Buying the old Meredosia plant, which St. Louis-based Ameren has announced plans to close, became a necessity for the Alliance after Ameren unexpectedly withdrew from the project, citing financial considerations.
The Alliance hopes to retrofit the plant with oxy-combustion technology and capture its carbon dioxide emissions. The CO2 would be transported via an underground pipeline more than 30 miles to a storage site in Morgan County.
In its early days, more than five years ago, FutureGen was billed as a $1.8 billion, 275-megawatt, near-zero emissions project planned for Mattoon, Ill. But federal funding for the project was canceled in the waning days of the George W. Bush administration. The Obama administration, in large part as a result of heavy lobbying by U.S. Senator Richard Durbin, an Illinois Democrat, retooled, relocated and downsized the project.
Until recently, FutureGen 2.0 was estimated to cost about $1.3 billion, of which the Department of Energy has committed about $1 billion in economic stimulus funds. But the price tag continues to rise. On November 28, the Alliance said the cost estimate now is $1.65 billion, including $1.1 billion to repower the Meredosia generating unit, and $550 million for the pipeline and storage site.
“Contingent upon DoE’s approval, we have an opportunity to lead the entire program, build on potential cost savings, and bring the power plant on-line in 2016 as planned,” said Ken Humphreys, CEO of the Alliance. However, the Alliance was facing a December 31, 2011, deadline to submit the project’s revised plans to DoE, which has come under fire for questionable energy loans, most notably the $528 million it provided to bankrupt solar panel manufacturer Solyndra in California.
While FutureGen officials and project supporters said they were confident the project will move forward, others were more skeptical. “Ever since the Mattoon site fell apart, it has been a joke,” one well-placed Illinois official who asked not to be identified said about FutureGen. “You’re going to buy an old plant just to prove you can put carbon in the ground. We already know we can do that.”
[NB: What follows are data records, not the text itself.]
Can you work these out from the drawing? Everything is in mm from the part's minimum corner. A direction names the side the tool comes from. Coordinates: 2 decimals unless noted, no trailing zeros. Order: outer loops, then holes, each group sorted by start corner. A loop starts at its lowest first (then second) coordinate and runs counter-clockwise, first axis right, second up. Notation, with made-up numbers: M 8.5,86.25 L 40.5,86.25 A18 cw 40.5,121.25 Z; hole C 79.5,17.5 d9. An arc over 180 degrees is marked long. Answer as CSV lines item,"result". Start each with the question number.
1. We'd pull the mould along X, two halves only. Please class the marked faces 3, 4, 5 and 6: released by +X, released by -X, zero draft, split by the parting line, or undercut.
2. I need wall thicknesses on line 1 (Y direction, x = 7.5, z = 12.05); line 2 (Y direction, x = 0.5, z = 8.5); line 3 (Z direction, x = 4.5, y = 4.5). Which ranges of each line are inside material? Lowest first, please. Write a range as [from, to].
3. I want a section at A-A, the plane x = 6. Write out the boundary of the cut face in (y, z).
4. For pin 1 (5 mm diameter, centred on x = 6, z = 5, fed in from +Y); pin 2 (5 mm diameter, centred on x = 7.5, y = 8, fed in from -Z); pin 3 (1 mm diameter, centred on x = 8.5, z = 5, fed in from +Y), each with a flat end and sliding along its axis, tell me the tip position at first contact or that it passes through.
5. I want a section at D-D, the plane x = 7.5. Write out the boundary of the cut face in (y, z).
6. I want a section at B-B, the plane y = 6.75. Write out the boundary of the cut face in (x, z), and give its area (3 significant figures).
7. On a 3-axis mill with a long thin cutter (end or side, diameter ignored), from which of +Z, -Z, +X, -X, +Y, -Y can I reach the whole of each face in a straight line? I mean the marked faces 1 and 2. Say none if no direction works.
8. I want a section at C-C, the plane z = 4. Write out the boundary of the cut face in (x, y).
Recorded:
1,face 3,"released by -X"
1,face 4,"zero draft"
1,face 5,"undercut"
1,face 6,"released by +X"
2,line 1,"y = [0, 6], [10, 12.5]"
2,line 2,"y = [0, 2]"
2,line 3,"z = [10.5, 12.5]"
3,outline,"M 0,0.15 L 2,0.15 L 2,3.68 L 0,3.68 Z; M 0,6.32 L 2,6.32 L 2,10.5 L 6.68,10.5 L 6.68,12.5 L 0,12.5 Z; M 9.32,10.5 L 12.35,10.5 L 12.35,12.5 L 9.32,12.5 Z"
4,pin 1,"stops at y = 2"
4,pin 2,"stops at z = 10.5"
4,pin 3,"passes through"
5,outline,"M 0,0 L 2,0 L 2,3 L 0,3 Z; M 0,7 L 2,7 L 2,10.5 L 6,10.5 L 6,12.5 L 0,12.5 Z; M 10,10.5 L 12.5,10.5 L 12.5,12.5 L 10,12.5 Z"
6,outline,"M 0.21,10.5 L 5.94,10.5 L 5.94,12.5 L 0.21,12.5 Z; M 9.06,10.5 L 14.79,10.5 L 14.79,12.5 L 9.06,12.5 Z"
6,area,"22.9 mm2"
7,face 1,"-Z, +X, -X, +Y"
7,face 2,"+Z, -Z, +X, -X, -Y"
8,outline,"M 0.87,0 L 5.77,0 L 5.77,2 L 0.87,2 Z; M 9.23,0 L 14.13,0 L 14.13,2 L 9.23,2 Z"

Illinois politicians continue to support FutureGen, at least outwardly. A spokesman for Governor Pat Quinn, a Democrat, said the state’s chief executive “is strongly committed to bringing FutureGen to Illinois. The project will bring many good jobs to Illinois and put our state on the international clean coal map while continuing to promote the use of Illinois’ coal resources in ways that protect both consumers and the environment.”